Hi!
When I try to run a job on Yggdrasil I get an BlockingIOError which I cant sort out. Ive pasted the full error message below. The strange thing is that this error is not raised when I dont go via the slurm queue but just use ‘salloc’ to run it on a computing node. Does someone know what is going on?
Felix
Traceback (most recent call last):
File "/srv/beegfs/scratch/users/f/fvecchi/Run/shear_fit_zs_LastShell_noise.py", line 204, in <module>
result = search.fit(model=model, analysis=analysis)
^^^^^^^^^^^^^^^^^^^^^^^^^^^^^^^^^^^^^^^^^^
File "/home/users/f/fvecchi/cosma_home/Code/AllProjects/PyAutoFit/autofit/non_linear/search/abstract_search.py", line 594, in fit
result = self.start_resume_fit(
^^^^^^^^^^^^^^^^^^^^^^
File "/home/users/f/fvecchi/cosma_home/Code/AllProjects/PyAutoFit/autofit/non_linear/search/abstract_search.py", line 115, in decorated
return func(self, *args, **kwargs)
^^^^^^^^^^^^^^^^^^^^^^^^^^^
File "/home/users/f/fvecchi/cosma_home/Code/AllProjects/PyAutoFit/autofit/non_linear/search/abstract_search.py", line 721, in start_resume_fit
search_internal = self._fit(
^^^^^^^^^^
File "/home/users/f/fvecchi/cosma_home/Code/AllProjects/PyAutoFit/autofit/non_linear/search/nest/nautilus/search.py", line 149, in _fit
search_internal = self.fit_multiprocessing(
^^^^^^^^^^^^^^^^^^^^^^^^^
File "/home/users/f/fvecchi/cosma_home/Code/AllProjects/PyAutoFit/autofit/non_linear/search/nest/nautilus/search.py", line 265, in fit_multiprocessing
return self.call_search(search_internal=search_internal, model=model, analysis=analysis)
^^^^^^^^^^^^^^^^^^^^^^^^^^^^^^^^^^^^^^^^^^^^^^^^^^^^^^^^^^^^^^^^^^^^^^^^^^^^^^^^^
File "/home/users/f/fvecchi/cosma_home/Code/AllProjects/PyAutoFit/autofit/non_linear/search/nest/nautilus/search.py", line 322, in call_search
search_internal.run(
File "/home/users/f/fvecchi/cosma_home/env3.11/lib/python3.11/site-packages/nautilus/sampler.py", line 448, in run
self.write_shell_update(self.filepath, -1)
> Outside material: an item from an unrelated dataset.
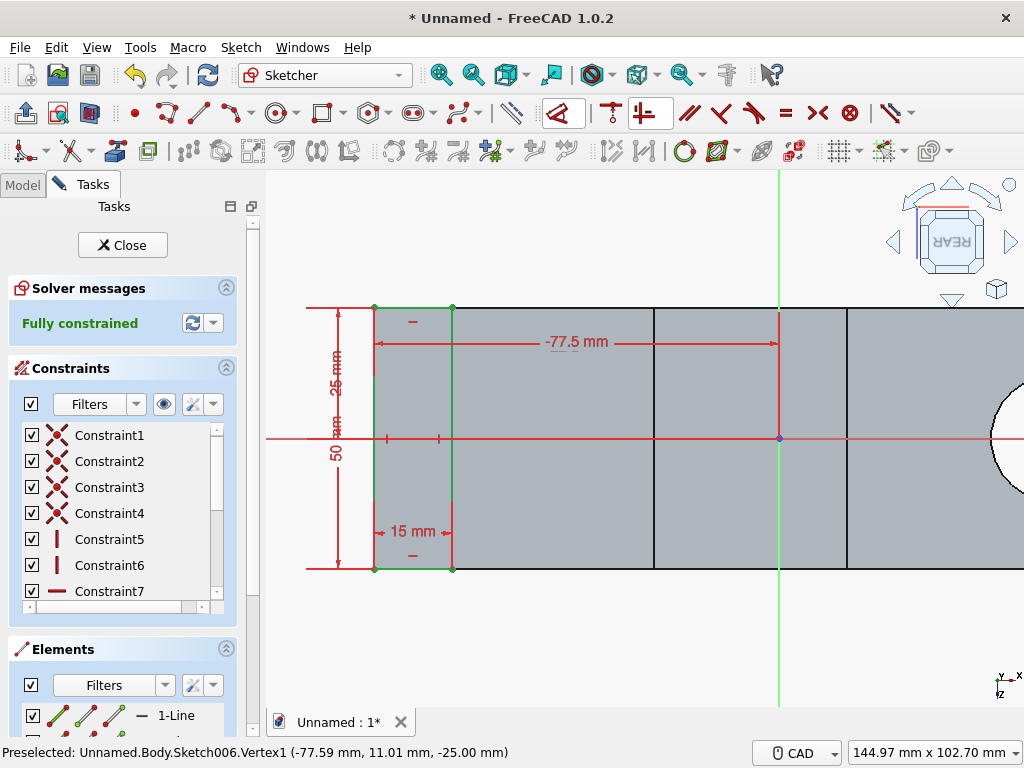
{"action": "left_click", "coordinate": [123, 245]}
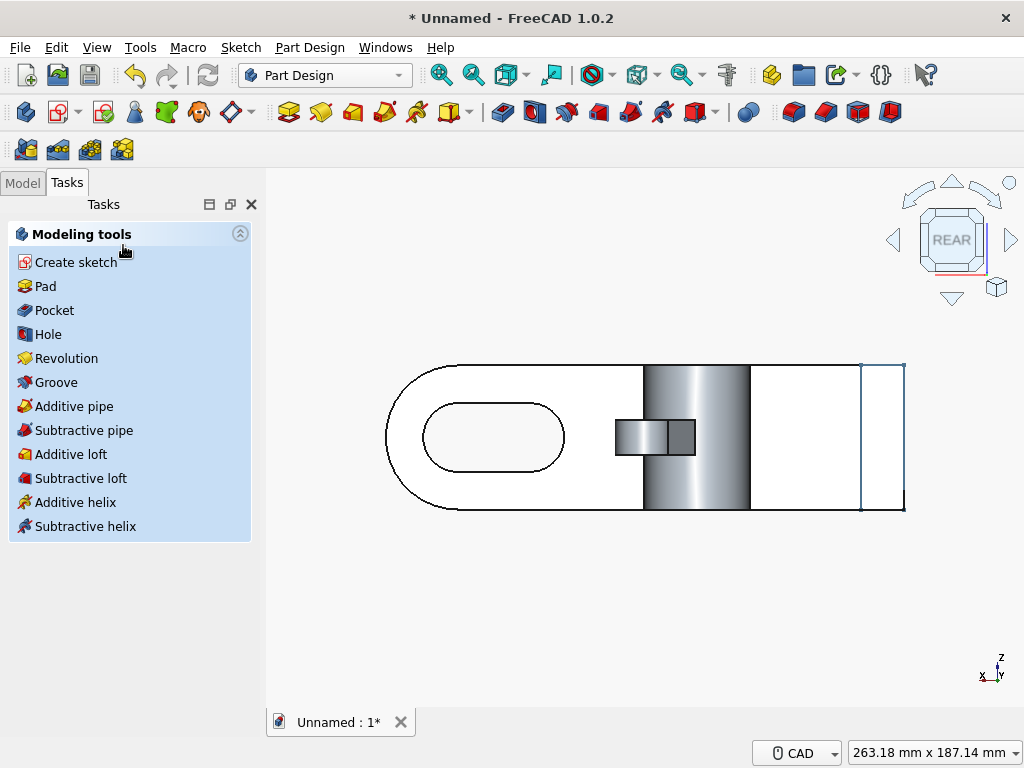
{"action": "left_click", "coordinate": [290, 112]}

File "/home/users/f/fvecchi/cosma_home/env3.11/lib/python3.11/site-packages/nautilus/sampler.py", line 1319, in write_shell_update
fstream = h5py.File(Path(filepath), 'r+')
^^^^^^^^^^^^^^^^^^^^^^^^^^^^^^^
File "/home/users/f/fvecchi/cosma_home/env3.11/lib/python3.11/site-packages/h5py/_hl/files.py", line 561, in __init__
fid = make_fid(name, mode, userblock_size, fapl, fcpl, swmr=swmr)
^^^^^^^^^^^^^^^^^^^^^^^^^^^^^^^^^^^^^^^^^^^^^^^^^^^^^^^^^^^
File "/home/users/f/fvecchi/cosma_home/env3.11/lib/python3.11/site-packages/h5py/_hl/files.py", line 237, in make_fid
fid = h5f.open(name, h5f.ACC_RDWR, fapl=fapl)
^^^^^^^^^^^^^^^^^^^^^^^^^^^^^^^^^^^^^^^
File "h5py/_objects.pyx", line 54, in h5py._objects.with_phil.wrapper
File "h5py/_objects.pyx", line 55, in h5py._objects.with_phil.wrapper
File "h5py/h5f.pyx", line 102, in h5py.h5f.open
BlockingIOError: [Errno 11] Unable to synchronously open file (unable to lock file, errno = 11, error message = 'Resource temporarily unavailable')
srun: error: cpu073: tasks 0-1: Exited with exit code 1
srun: error: cpu073: task 2: Exited with exit code 1
srun: First task exited 30s ago
srun: StepId=35948812.0 task 3: running
srun: StepId=35948812.0 tasks 0-2: exited abnormally
srun: Terminating StepId=35948812.0
slurmstepd: error: *** STEP 35948812.0 ON cpu073 CANCELLED AT 2024-10-18T14:23:47 ***
srun: Job step aborted: Waiting up to 92 seconds for job step to finish.